## Your objective
Of the lines in the data below, write out exactly those from the one holding "143.5h.4v.4a1.04 1.04 0" through the one holding "143.3v.2a1.24 1.24 0", both included.

------------------------------------------------------------------------

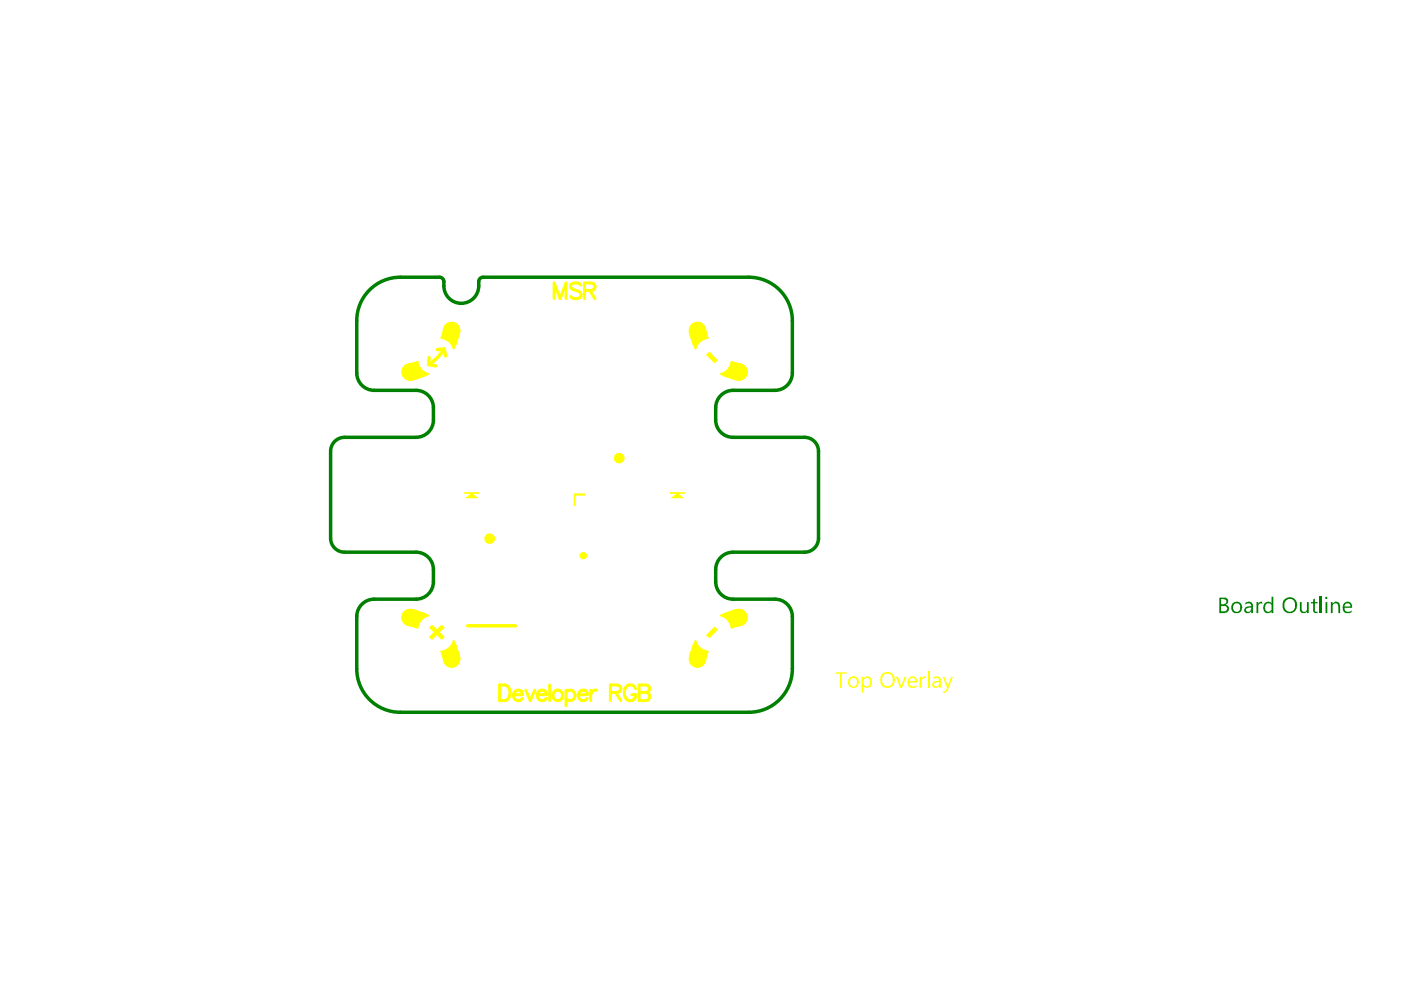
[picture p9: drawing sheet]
<svg xmlns="http://www.w3.org/2000/svg" width="297mm" height="210mm" viewBox="0 0 297 210" stroke-linecap="round" stroke-linejoin="round" font-family="sans-serif">
<g fill="none" stroke="#008000" stroke-width=".74">
<path d="M84.9 58.8h8.3M94.1 59.7v.9M101.5 59.7v.9M102.4 58.8h56.4M75.6 68v11.2M168 68v11.1M70.1 95.8v18.2M73.1 92.7h15.1M79.3 82.8h8.9M91.9 86.5v2.5M151.7 86.5v2.5M155.4 92.7h15.2"/>
<path d="M155.4 82.8h8.9M173.5 95.7v18.4M73.1 117.1h15.1M155.4 117.1h15.2M75.6 130.6v11.2M79.3 127h8.9M91.9 120.8v2.5M151.7 120.8v2.5M155.4 127h8.9M168 130.7v11.1M84.9 151h73.9"/>
</g>
<g fill="#008000">
<path d="M266.4 127.7h.4v.4l.3-.4 .4-.1 .1 .4a.62 .62 0 0 0-.6 .1 .62 .62 0 0 0-.2 .7v1.2h-.4z"/>
<path d="M275.6 127.7h.4v1.3a.59 .59 0 0 0 .5 .7 .59 .59 0 0 0 .6-.7v-1.3h.4v2.3h-.4v-.4a.81 .81 0 0 1-1 .4 .81 .81 0 0 1-.5-.9z"/>
<path d="M278.4 127.1l.4-.2v.8h.6v.2h-.6v1.3a.35 .35 0 0 0 .1 .5 .35 .35 0 0 0 .5-.1v.4h-.4a.52 .52 0 0 1-.6-.7v-1.4h-.5v-.2h.5z"/>
<path d="M279.8 126.5h.5v3.5h-.5z"/>
<path d="M282.2 127.7h.3v.3a.86 .86 0 0 1 1.1-.3 .86 .86 0 0 1 .5 .9v1.4h-.3v-1.3a.62 .62 0 0 0-.6-.8 .62 .62 0 0 0-.7 .8v1.3h-.3z"/>
<path d="M258.9 127v1.1h.5a.54 .54 0 0 0 .5-.4 .54 .54 0 0 0-.3-.6zM258.9 128.5v1.1h.6a.6 .6 0 0 0 .7-.6 .6 .6 0 0 0-.8-.5zM258.5 126.7h1.1a.76 .76 0 0 1 .8 .6 .76 .76 0 0 1-.6 .9 .9 .9 0 0 1 .8 1 .9 .9 0 0 1-1 .8h-1.1z"/>
<path d="M261.6 128.1a1 1 0 0 0 .5 1.6 .83 .83 0 0 0 .8-.3 .83 .83 0 0 0 0-.9 .77 .77 0 0 0-1.3-.4zM261.2 128a1.23 1.23 0 0 1 1.8-.1 1.23 1.23 0 0 1 .1 1.7 1.23 1.23 0 0 1-1.8 .1 1.53 1.53 0 0 1-.1-1.7z"/>
<path d="M264.1 129.2a.57 .57 0 0 0 .7 .5 .57 .57 0 0 0 .5-.6v-.3l-.8 .1zM264.1 127.7a1.01 1.01 0 0 1 1.5 .7v1.6h-.3v-.4a.76 .76 0 0 1-1 .4 .76 .76 0 0 1-.4-.9l.4-.5 1-.1a.66 .66 0 0 0-.5-.6 .66 .66 0 0 0-.7 .3z"/>
<path d="M268 128a.96 .96 0 0 1 1.6-.1v-1.4h.4v3.5h-.4v-.4a.99 .99 0 0 1-1.1 .4 .99 .99 0 0 1-.7-1zM268.4 128.1a1.03 1.03 0 0 0 .4 1.6h.3l.5-.4v-.7a.62 .62 0 0 0-.4-.7 .62 .62 0 0 0-.7 .2z"/>
<path d="M272.5 127.5l-.1 .3a1.22 1.22 0 0 0 .3 1.6 1.22 1.22 0 0 0 1.6-.1 1.4 1.4 0 0 0-.8-2.3h-.3zM272.2 127.2a1.63 1.63 0 0 1 2.3-.2 1.63 1.63 0 0 1 .3 2.2 1.58 1.58 0 0 1-2.2 .6 1.58 1.58 0 0 1-.6-2.1z"/>
<path d="M281 126.8a.25 .25 0 0 1 .5 0 .25 .25 0 0 1-.5 0zM281 127.7h.4v2.3h-.4z"/>
<path d="M285.2 128.1l-.1 .5 1.2-.1a.61 .61 0 0 0-.4-.6 .61 .61 0 0 0-.7 .2zM285 127.8a.96 .96 0 0 1 1.6 .3l.1 .8h-1.6a.84 .84 0 0 0 .5 .8 .84 .84 0 0 0 1-.3v.4l-.5 .2a1.03 1.03 0 0 1-1.4-1l-.1-.2z"/>
</g>
<g fill="none" stroke="#008000" stroke-width=".74">
<path d="M84.9 58.8a9.2 9.2 0 0 0-9.3 9.2M93.2 58.8a.92 .92 0 0 1 .9 .9M102.4 58.8a.92 .92 0 0 0-.9 .9M158.8 58.8a9.2 9.2 0 0 1 9.2 9.2M75.6 79.1a3.7 3.7 0 0 0 3.7 3.7M94.1 60.6a3.7 3.7 0 0 0 3.7 3.7 3.7 3.7 0 0 0 3.7-3.7M168 79.1a3.7 3.7 0 0 1-3.7 3.7M73.1 92.7a2.95 2.95 0 0 0-3 3M88.2 82.8a3.7 3.7 0 0 1 3.7 3.7M91.9 89a3.7 3.7 0 0 1-3.7 3.7M151.7 89a3.7 3.7 0 0 0 3.7 3.7M155.4 82.8a3.7 3.7 0 0 0-3.7 3.7"/>
<path d="M170.6 92.7a2.95 2.95 0 0 1 2.9 3M70.1 114.1a2.95 2.95 0 0 0 3 3M88.2 117.1a3.7 3.7 0 0 1 3.7 3.7M155.4 117.1a3.7 3.7 0 0 0-3.7 3.7M173.5 114.1a2.95 2.95 0 0 1-2.9 3M79.3 127a3.7 3.7 0 0 0-3.7 3.7M91.9 123.3a3.7 3.7 0 0 1-3.7 3.7M151.7 123.3a3.7 3.7 0 0 0 3.7 3.7M164.3 127a3.7 3.7 0 0 1 3.7 3.7M75.6 141.8a9.2 9.2 0 0 0 9.3 9.2M168 141.8a9.2 9.2 0 0 1-9.2 9.2"/>
</g>
<g fill="#ff0">
<path d="M98.5 105.6l1.5-1.1 1.5 1.1z"/>
<path d="M121.6 104.6h2.4v.5h-2v2.2h-.4z"/>
<path d="M142.1 105.6l1.5-1.1 1.5 1.1z"/>
</g>
<path d="M98.5 104.5h3M142.1 104.5h3" fill="none" stroke="#ff0" stroke-width=".37"/>
<path d="M91 75.8l-.1 1.5 1.5 .3M92.7 74.1l1.5-.1 .3 1.5M99.2 132.7h10.1" fill="none" stroke="#ff0" stroke-width=".74"/>
<g fill="#ff0">
<path d="M177.2 142.6h2.3v.2h-1v3h-.4v-3h-.9z"/>
<path d="M189.9 143.5h.5l.7 2 .7-2h.4l-1 2.3h-.3z"/>
<path d="M195 143.5h.4v.5l.2-.2a.36 .36 0 0 1 .4-.4h.2v.5a.67 .67 0 0 0-.8 .7v1.2h-.4z"/>
<path d="M180.4 144a1 1 0 0 0 .4 1.6 .94 .94 0 0 0 .9-.7 .94 .94 0 0 0-.3-1l-.5-.2zM180.1 143.7h.1a1.23 1.23 0 0 1 1.7 .2 1.23 1.23 0 0 1-.2 1.7 1.23 1.23 0 0 1-1.7-.1v-.1a1.65 1.65 0 0 1 .1-1.7z"/>
<path d="M182.7 143.5h.4v.4a1.04 1.04 0 0 1 1.3-.3 1.04 1.04 0 0 1 .5 1.3 .99 .99 0 0 1-.7 .9 .99 .99 0 0 1-1.1-.3v1.4h-.4zM183.2 144.1l-.1 .8a.71 .71 0 0 0 .8 .6 .71 .71 0 0 0 .6-.8 .73 .73 0 0 0-.3-.9 .73 .73 0 0 0-.9 .2z"/>
<path d="M187.2 143.3v.2a1.24 1.24 0 0 0-.1 1.3 1.24 1.24 0 0 0 1.2 .7 1.23 1.23 0 0 0 1-1.7 1.12 1.12 0 0 0-.9-1 1.12 1.12 0 0 0-1.2 .5zM186.9 143a1.59 1.59 0 0 1 2.1-.4 1.59 1.59 0 0 1 .6 2 1.56 1.56 0 0 1-1.9 1.2 1.56 1.56 0 0 1-1.1-2z"/>
<path d="M192.9 144l-.1 .4 1.3-.1a.58 .58 0 0 0-.4-.5 .58 .58 0 0 0-.7 .2zM192.7 143.7a.99 .99 0 0 1 1.6 .3l.1 .7h-1.6a.86 .86 0 0 0 .6 .8 .86 .86 0 0 0 .9-.2v.3l-.4 .2a1.14 1.14 0 0 1-1.5-1.1z"/>
</g>
<path d="M196.9 142.4v3.4" fill="none" stroke="#ff0" stroke-width=".38"/>
<g fill="#ff0">
<path d="M199.9 143.5h.3l.8 2 .7-2h.3l-1 2.7a.94 .94 0 0 1-1 .7v-.3a.47 .47 0 0 0 .6-.4l.2-.4z"/>
<path d="M198 145a.57 .57 0 0 0 .6 .5 .57 .57 0 0 0 .5-.6v-.3l-.7 .1zM197.9 143.6a.97 .97 0 0 1 1.6 .6v1.6h-.4v-.3a.74 .74 0 0 1-.9 .4 .74 .74 0 0 1-.5-.9v-.2l.5-.4 .9-.1a.68 .68 0 0 0-.5-.6 .68 .68 0 0 0-.7 .3z"/>
</g>
<g fill="none" stroke="#ff0" stroke-width=".63">
<path d="M117.5 63.3v-3.3l1.3 3.3 1.2-3.3v3.3M123.2 60.5a1.46 1.46 0 0 0-2.2 0 .85 .85 0 0 0 .6 .9l1 .3a.81 .81 0 0 1 .6 .6 .81 .81 0 0 1-.3 .9 1.53 1.53 0 0 1-1.9-.4M123.9 61.6h1.5l.4-.2a.77 .77 0 0 0 0-1.2l-.4-.2h-1.5v3.3M125 61.6l1.1 1.7M105.9 145.2h1.1a1.77 1.77 0 0 1 1.2 1.7 1.77 1.77 0 0 1-1.2 1.6h-1.1zM108.9 147.3a1.05 1.05 0 0 0 .6 1.2 1.05 1.05 0 0 0 1.3-.4M109 146.8a.92 .92 0 0 1 1.1-.5 .92 .92 0 0 1 .7 1h-1.9zM111.5 146.3l.9 2.2 1-2.2M113.9 147.3a1.05 1.05 0 0 0 .6 1.2 1.05 1.05 0 0 0 1.3-.4M114.1 146.8a.92 .92 0 0 1 1-.5 .92 .92 0 0 1 .7 1h-1.9zM116.5 145.2v3.3M117.4 146.8a1.06 1.06 0 0 1 1.5-.1 1.06 1.06 0 0 1 0 1.5 1.06 1.06 0 0 1-1.5-.1l-.2-.5z"/>
<path d="M120 146.8a1.06 1.06 0 0 1 1.6-.1 1.06 1.06 0 0 1 0 1.5 1.06 1.06 0 0 1-1.6-.1M120 146.3v3.4M122.6 147.3a1.05 1.05 0 0 0 .6 1.2 1.05 1.05 0 0 0 1.3-.4M122.8 146.8a.92 .92 0 0 1 1.1-.5 .92 .92 0 0 1 .6 1h-1.9zM125.2 146.3v2.2M126.5 146.3a1.07 1.07 0 0 0-1.3 1M129.4 146.8h1.4l.5-.1a.77 .77 0 0 0 0-1.3l-.5-.2h-1.4v3.3M130.5 146.8l1.1 1.7M134.7 146a1.22 1.22 0 0 0-1.3-.8 1.22 1.22 0 0 0-1 1.3 1.45 1.45 0 0 0 .3 1.6 1.45 1.45 0 0 0 1.6 .3l.4-.6v-.5h-.7M135.5 145.2h1.4l.5 .2a.77 .77 0 0 1 0 1.3l-.5 .1a.87 .87 0 0 1 .9 .9 .87 .87 0 0 1-.9 .8h-1.4zM135.5 146.8h1.4"/>
</g>
<g fill="#ff0">
<path d="M90.9 133.1l.7-.7 1 1 1-1 .7 .7-1 .9 1 1.1-.7 .6-1-1-1 1-.7-.6 1.1-1.1z"/>
<path d="M149.7 75.3l.7-.8 1.8 1.9-.7 .6z"/>
<path d="M149.7 134.7l1.8-1.9 .7 .8-1.8 1.7z"/>
</g>
<circle cx="123.7" cy="117.8" r=".31" fill="none" stroke="#ff0" stroke-width=".92"/>
<g fill="none" stroke="#ff0" stroke-width="1.8">
<circle cx="131.3" cy="97.1" r=".18"/>
<circle cx="103.8" cy="114.2" r=".18"/>
</g>
<g fill="none" stroke="#ff0" stroke-width=".37">
<path d="M88.5 76.7l-1.2 .4a1.85 1.85 0 0 0-1.9 2.5 1.66 1.66 0 0 0 1.9 .9M88.6 76.7a2.95 2.95 0 0 0 2.2 2.6l-1.8 .7-1.8 .5M97.4 70.4a1.68 1.68 0 0 0-1.5-2 1.68 1.68 0 0 0-1.8 1.7l-.5 1.5M97.4 70.3l-.5 1.9-.7 1.7a2.95 2.95 0 0 0-2.7-2.2M146.2 70.3l.5 1.9 .8 1.7a2.95 2.95 0 0 1 2.6-2.2M146.2 70.4a1.68 1.68 0 0 1 1.5-2 1.68 1.68 0 0 1 1.9 1.7l.5 1.5M155.1 76.7a2.95 2.95 0 0 1-2.3 2.6l1.8 .7 1.8 .5M155.2 76.7l1.1 .4a1.85 1.85 0 0 1 1.9 2.5 1.66 1.66 0 0 1-1.8 .9M87.2 129.3l1.8 .5 1.8 .7a2.95 2.95 0 0 0-2.2 2.6M87.3 129.3a1.68 1.68 0 0 0-2 1.5 1.68 1.68 0 0 0 1.7 1.8l1.5 .5M93.5 138.1a2.95 2.95 0 0 0 2.7-2.2l.7 1.7 .5 1.9M93.6 138.2l.4 1.1a1.85 1.85 0 0 0 2.5 1.9 1.66 1.66 0 0 0 .9-1.8"/>
<path d="M150.1 138.2l-.4 1.1a1.85 1.85 0 0 1-2.6 1.9 1.66 1.66 0 0 1-.9-1.8M150.1 138.1a2.95 2.95 0 0 1-2.6-2.2l-.8 1.7-.5 1.9M156.4 129.3a1.68 1.68 0 0 1 2 1.5 1.68 1.68 0 0 1-1.7 1.8l-1.5 .5M156.4 129.3l-1.8 .5-1.8 .7a2.95 2.95 0 0 1 2.3 2.6"/>
</g>
<path d="M94.2 74l-1.7 2.1-1.6 1.2" fill="none" stroke="#ff0" stroke-width=".74"/>
<path d="M88.2 77.4a1.37 1.37 0 0 0 1.5 1.9M94.3 71.3a1.37 1.37 0 0 1 1.9 1.6M149.3 71.3a1.37 1.37 0 0 0-1.8 1.6M155.4 77.4a1.37 1.37 0 0 1-1.5 1.9M89.7 130.5a1.37 1.37 0 0 0-1.5 1.9M96.2 136.9a1.37 1.37 0 0 1-1.9 1.6M147.5 136.9a1.37 1.37 0 0 0 1.8 1.6M153.9 130.5a1.37 1.37 0 0 1 1.5 1.9" fill="none" stroke="#ff0" stroke-width="1.2"/>
<path d="M87.5 78.8l-.5 .1M95.8 70.1l-.2 .5M147.9 70.1l.1 .5M156.1 78.8l.6 .1M87 130.9l.5 .1M95.6 139.2l.2 .5M148 139.2l-.1 .5M156.7 130.9l-.6 .1" fill="none" stroke="#ff0" stroke-width="3.7"/>
</svg>

------------------------------------------------------------------------

## Written reply
<path d="M182.7 143.5h.4v.4a1.04 1.04 0 0 1 1.3-.3 1.04 1.04 0 0 1 .5 1.3 .99 .99 0 0 1-.7 .9 .99 .99 0 0 1-1.1-.3v1.4h-.4zM183.2 144.1l-.1 .8a.71 .71 0 0 0 .8 .6 .71 .71 0 0 0 .6-.8 .73 .73 0 0 0-.3-.9 .73 .73 0 0 0-.9 .2z"/>
<path d="M187.2 143.3v.2a1.24 1.24 0 0 0-.1 1.3 1.24 1.24 0 0 0 1.2 .7 1.23 1.23 0 0 0 1-1.7 1.12 1.12 0 0 0-.9-1 1.12 1.12 0 0 0-1.2 .5zM186.9 143a1.59 1.59 0 0 1 2.1-.4 1.59 1.59 0 0 1 .6 2 1.56 1.56 0 0 1-1.9 1.2 1.56 1.56 0 0 1-1.1-2z"/>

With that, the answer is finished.